Paper Info Reviews Meta-Review Author Feedback Post-rebuttal Meta-Reviews

Authors

Jianfeng Zhao, Xiaojiao Xiao, Dengwang Li, Jaron Chong, Zahra Kassam, Bo Chen, Shuo Li

Abstract

Quantitative measurement of hepatocellular carcinoma (HCC) on multi-phase contrast-enhanced magnetic resonance imaging (CEMRI) is one of the key processes for HCC treatment and prognosis. However, direct automated quantitative measurement using the CNN-based network a still challenging task due to: (1) The lack of ability for capturing long-range dependencies of multi-anatomy in the whole medical image; (2) The lack of mechanism for fusing and selecting multi-phase CEMRI information. In this study, we propose a multi-function Transformer regression network (mfTrans-Net) for HCC quantitative measurement. Specifically, we first design three parallel CNN-based encoders for multi-phase CEMRI feature extraction and dimension reducing. Next, the non-local Transformer makes our mfTrans-Net self-attention for capturing the long-range dependencies of multi-anatomy. At the same time, a phase-aware Transformer captures the relevance between multi-phase CEMRI for multi-phase CEMRI information fusion and selection. Lastly, we proposed a multi-level training strategy, which enables an enhanced loss function to improve the quantification task. The mfTrans-Net is validated on multi-phase CEMRI of 138 HCC subjects. Our mfTrans-Net achieves high performance of multi-index quantification that the mean absolute error of center point, max-diameter, circumference, and area is down to 2.35mm, 2.38mm, 8.28mm, and 116.15mm^2, respectively. The results show that mfTrans-Net has great potential for small lesions quantification in medical images and clinical application value.

Link to paper

DOI: https://doi.org/10.1007/978-3-030-87240-3_8

SharedIt: https://rdcu.be/cyl5B

Link to the code repository

N/A

Link to the dataset(s)

N/A

Reviews

Review #1

Please describe the contribution of the paper

This paper introduces a hybrid model that uses CNNs and Transformers for quantifying multi-index on HCC. In particular, the architecture has three phases. In the first phase, three independent CNNs are used to learn local representations for each modality. In the second phase, global representations for each modality are learned using Transformers independently. In the third phase, inter-modality representations are learned using another Transformers. Experimental results demonstrate that the proposed method is better than standard CNNs such as ResNet and VGG.
Please list the main strengths of the paper; you should write about a novel formulation, an original way to use data, demonstration of clinical feasibility, a novel application, a particularly strong evaluation, or anything else that is a strong aspect of this work. Please provide details, for instance, if a method is novel, explain what aspect is novel and why this is interesting.
- This paper extends vision transformers (hybrid version) for medical imaging.
- Delivers better performance than state-of-the-art CNN methods, such as ResNet and VGG.
Please list the main weaknesses of the paper. Please provide details, for instance, if you think a method is not novel, explain why and provide a reference to prior work.

In general, I do not have any major concerns with this paper. However, the paper has a lot of typos and grammatical errors, and needs a careful proof-read. Also, the writing of the paper can be improved.

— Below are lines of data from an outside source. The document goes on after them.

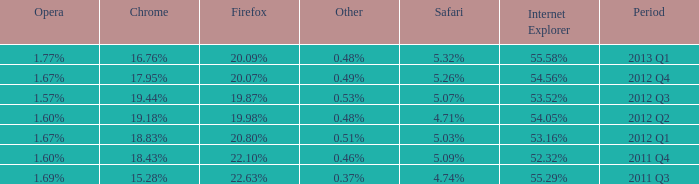What safari has 2012 q4 as the period? 5.26%. 
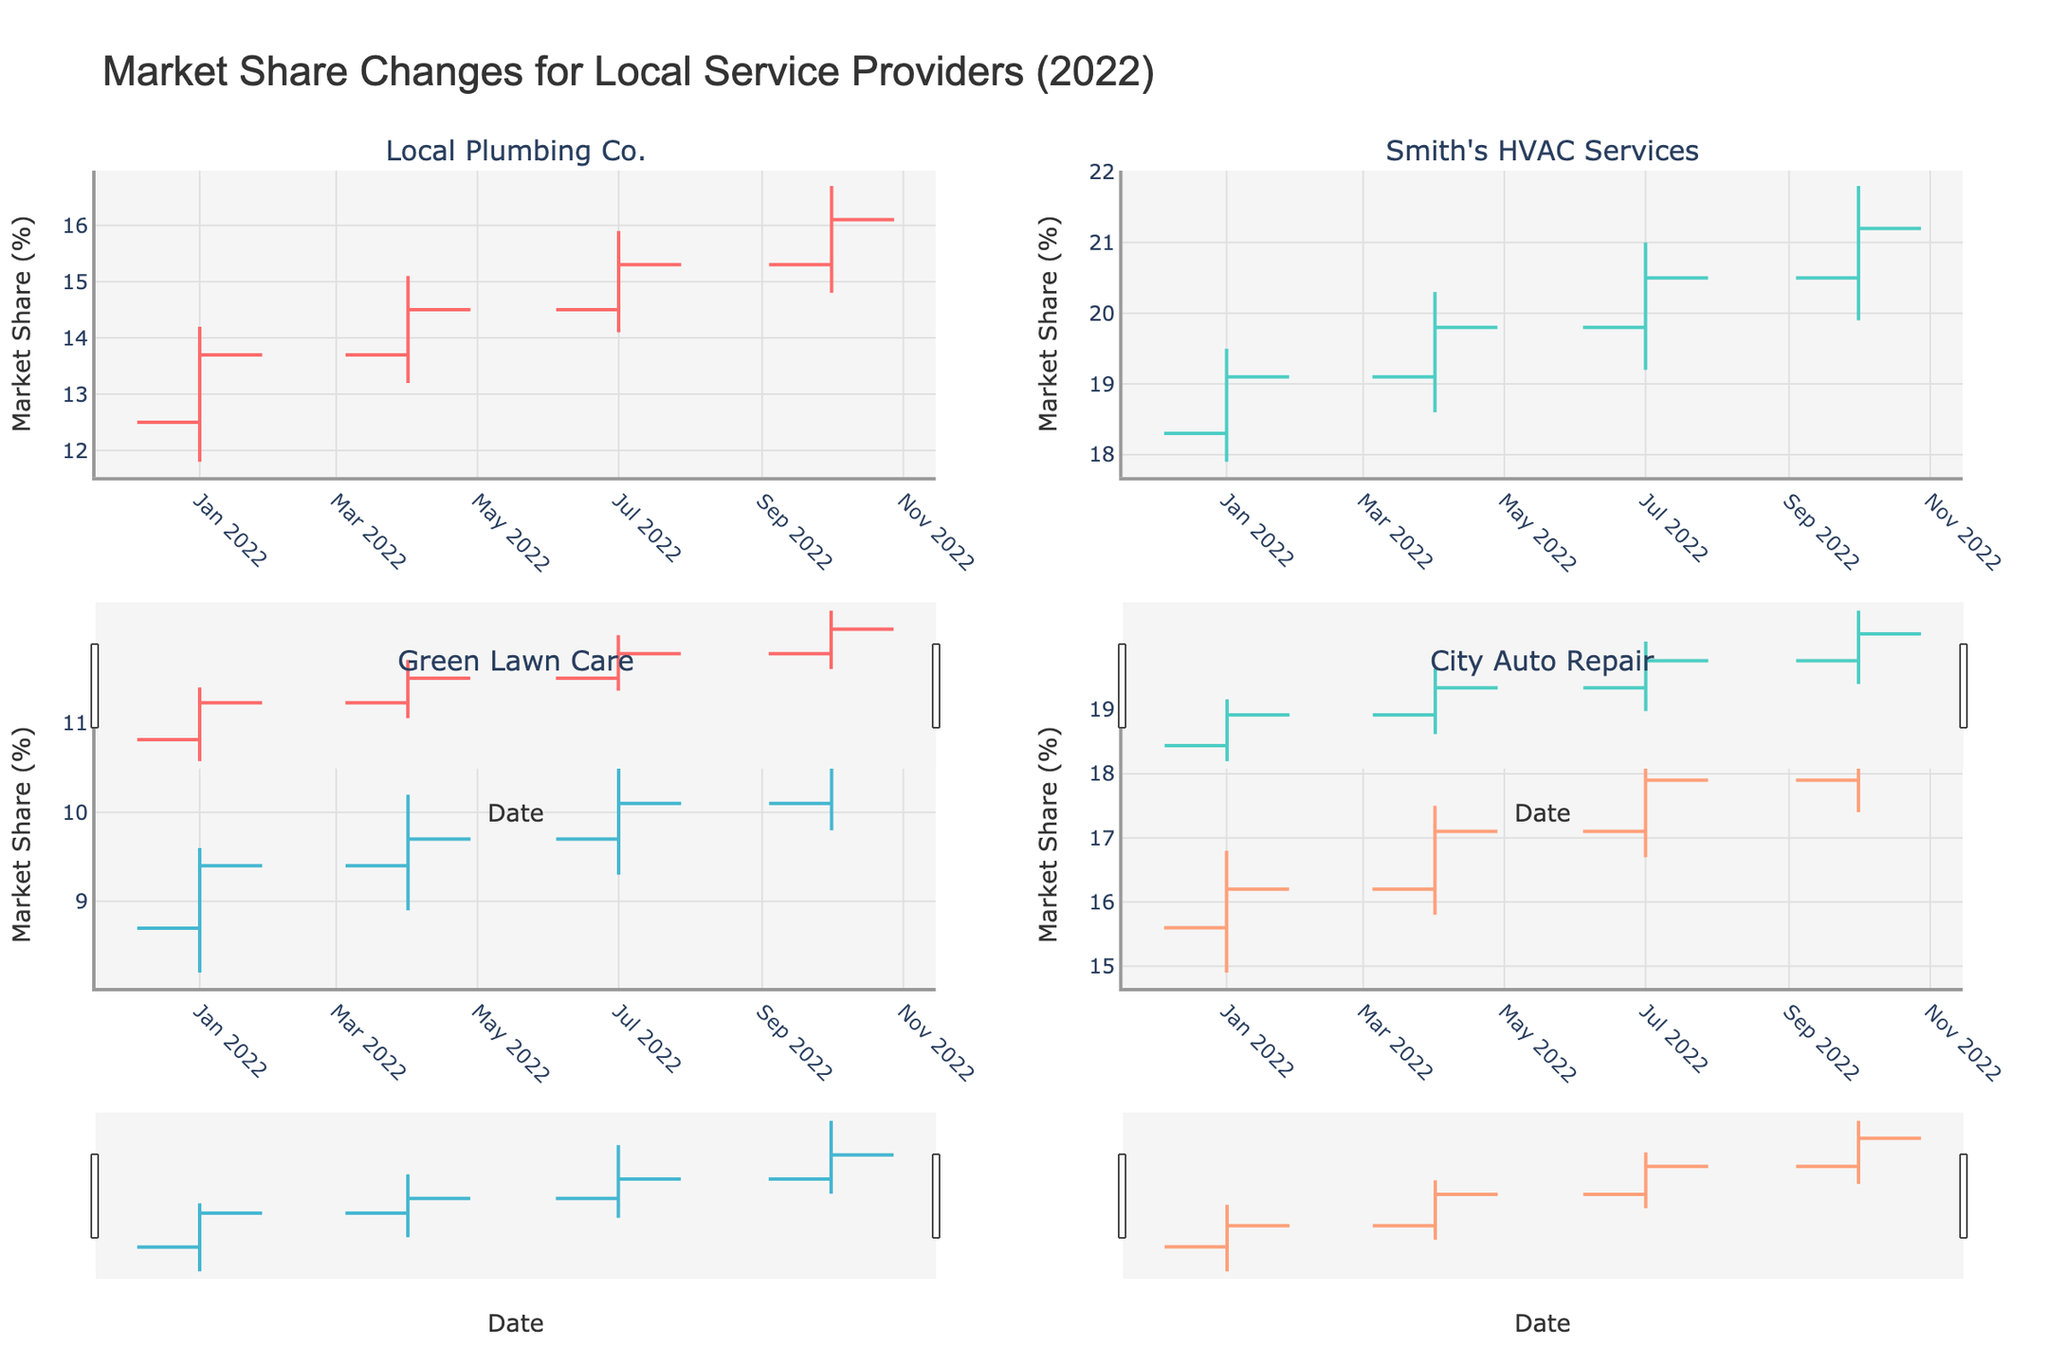What is the title of the figure? The title is usually displayed at the top of the figure. Here, it reads "Market Share Changes for Local Service Providers (2022)."
Answer: Market Share Changes for Local Service Providers (2022) How many data points are displayed for each provider? Each provider has data corresponding to the four quarters of 2022: January, April, July, and October. You can see four data points for each provider.
Answer: 4 Which provider shows the highest closing market share in January 2022? Look at the "Close" value for each provider's January data. Smith's HVAC Services has the highest closing value of 19.1.
Answer: Smith's HVAC Services Between which dates did Local Plumbing Co.'s market share increase for three consecutive quarters? Look at the "Close" values for Local Plumbing Co. across different dates. The "Close" values increase from January to April, April to July, and July to October.
Answer: January to October What is the difference between the highest and lowest market share for Green Lawn Care in 2022? Green Lawn Care's highest "High" value is 11.3 (October) and its lowest "Low" value is 8.2 (January). The difference is 11.3 - 8.2.
Answer: 3.1 Which quarter shows the largest increase in market share for City Auto Repair? Calculate the difference between "Close" and "Open" values for each quarter. In April, the difference is the largest, with 17.1 - 16.2 = 0.9.
Answer: April Compare the closing values in October for all providers. Who had the lowest market share? Compare the "Close" values for October. Green Lawn Care has the lowest value with 10.6.
Answer: Green Lawn Care What was the median closing value for Smith’s HVAC Services across all quarters? The "Close" values for Smith's HVAC Services are 19.1, 19.8, 20.5, and 21.2. The median of these values (sorted: 19.1, 19.8, 20.5, 21.2) is the average of 19.8 and 20.5.
Answer: 20.15 What color represents the increasing trend for Local Plumbing Co.? The increasing trend for each provider has a specific color. Local Plumbing Co. shows red lines for increasing trends.
Answer: Red Between Smith's HVAC Services and City Auto Repair, who had a higher closing value in July 2022? Compare the "Close" values for July. Smith's HVAC Services has 20.5 and City Auto Repair has 17.9. Smith's HVAC Services is higher.
Answer: Smith's HVAC Services

Also, I do not understand why authors say “non-local transformers”. Transformers, to my understanding, are itself non-local or global as they attend to every patch. I do not understand what authors are trying to emphasize with “non-local”. If authors meant to say that CNNs are local and transformers are global, then simply, say that because CNNs learn local representations, we use Transformers to encode global representations. Do not include extra terms like “non-local”

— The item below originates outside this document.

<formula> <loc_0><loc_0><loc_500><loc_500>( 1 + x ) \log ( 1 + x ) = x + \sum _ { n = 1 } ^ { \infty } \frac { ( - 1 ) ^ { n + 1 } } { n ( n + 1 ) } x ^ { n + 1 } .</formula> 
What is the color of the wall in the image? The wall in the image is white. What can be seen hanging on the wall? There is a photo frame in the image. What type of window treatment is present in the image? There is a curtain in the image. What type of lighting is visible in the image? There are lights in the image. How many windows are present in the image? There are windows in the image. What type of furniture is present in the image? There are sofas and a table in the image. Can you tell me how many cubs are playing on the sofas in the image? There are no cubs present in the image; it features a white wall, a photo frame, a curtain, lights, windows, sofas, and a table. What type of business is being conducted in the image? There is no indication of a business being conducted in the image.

Suggestions: i) Do not use “and” or “especially” after the full stop. ii) “The multi-phase CEMRI was obtained by using” —> “was obtained using” iii) “evaluated by MAE. In which the MAE of the quantification” —> “evaluated by MAE. The MAE of the quantification” iv) “Table.2” should be “Table 2” (no full stop between Table and 2) v) Why is the feature map size of inputs to phase-ware Transformer is different from the output of encoders? vi) Query, Key, and Value are projections and not metrics (just below Eq. 3)
Please rate the clarity and organization of this paper

Satisfactory
Please comment on the reproducibility of the paper. Note, that authors have filled out a reproducibility checklist upon submission. Please be aware that authors are not required to meet all criteria on the checklist - for instance, providing code and data is a plus, but not a requirement for acceptance

The paper provides sufficient details for reproduction.
Please provide detailed and constructive comments for the authors. Please also refer to our Reviewer’s guide on what makes a good review: https://miccai2021.org/en/REVIEWER-GUIDELINES.html

See strengths and weakness section.
Please state your overall opinion of the paper

Probably accept (7)
Please justify your recommendation. What were the major factors that led you to your overall score for this paper?

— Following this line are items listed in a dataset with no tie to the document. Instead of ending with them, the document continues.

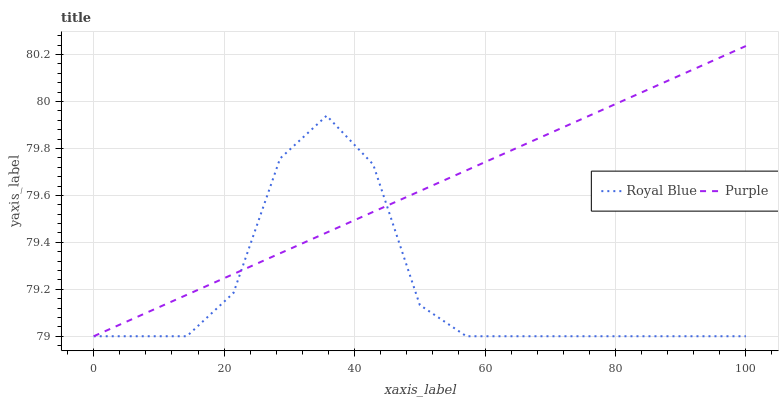Does Royal Blue have the minimum area under the curve?
Answer yes or no. Yes. Does Purple have the maximum area under the curve?
Answer yes or no. Yes. Does Royal Blue have the maximum area under the curve?
Answer yes or no. No. Is Purple the smoothest?
Answer yes or no. Yes. Is Royal Blue the roughest?
Answer yes or no. Yes. Is Royal Blue the smoothest?
Answer yes or no. No. Does Purple have the lowest value?
Answer yes or no. Yes. Does Purple have the highest value?
Answer yes or no. Yes. Does Royal Blue have the highest value?
Answer yes or no. No. Does Royal Blue intersect Purple?
Answer yes or no. Yes. Is Royal Blue less than Purple?
Answer yes or no. No. Is Royal Blue greater than Purple?
Answer yes or no. No.

This paper extends Transformers to medical imaging and shows that global representations learned using Transformers helps improve performance. In particular, previous works (e.g., vision transformer) on standard vision tasks have leveraged large amount of data in order to deliver state-of-the-art performance. Unlike these methods, this work shows that Transformers can be used on low-resource corpora.
What is the ranking of this paper in your review stack?

2
Number of papers in your stack

3
Reviewer confidence

Confident but not absolutely certain

Review #2

Please describe the contribution of the paper

This paper proposed a new method for HCC quantitative measurement. The original contribution is using the newly designed multi-function Transformer to capture the non-local information and multi-phase CEMRI relevance. This paper provided a new framework that combining CNN and Transformer, which has great inspiration for the medical tasks when using multi-modality images.
Please list the main strengths of the paper; you should write about a novel formulation, an original way to use data, demonstration of clinical feasibility, a novel application, a particularly strong evaluation, or anything else that is a strong aspect of this work. Please provide details, for instance, if a method is novel, explain what aspect is novel and why this is interesting.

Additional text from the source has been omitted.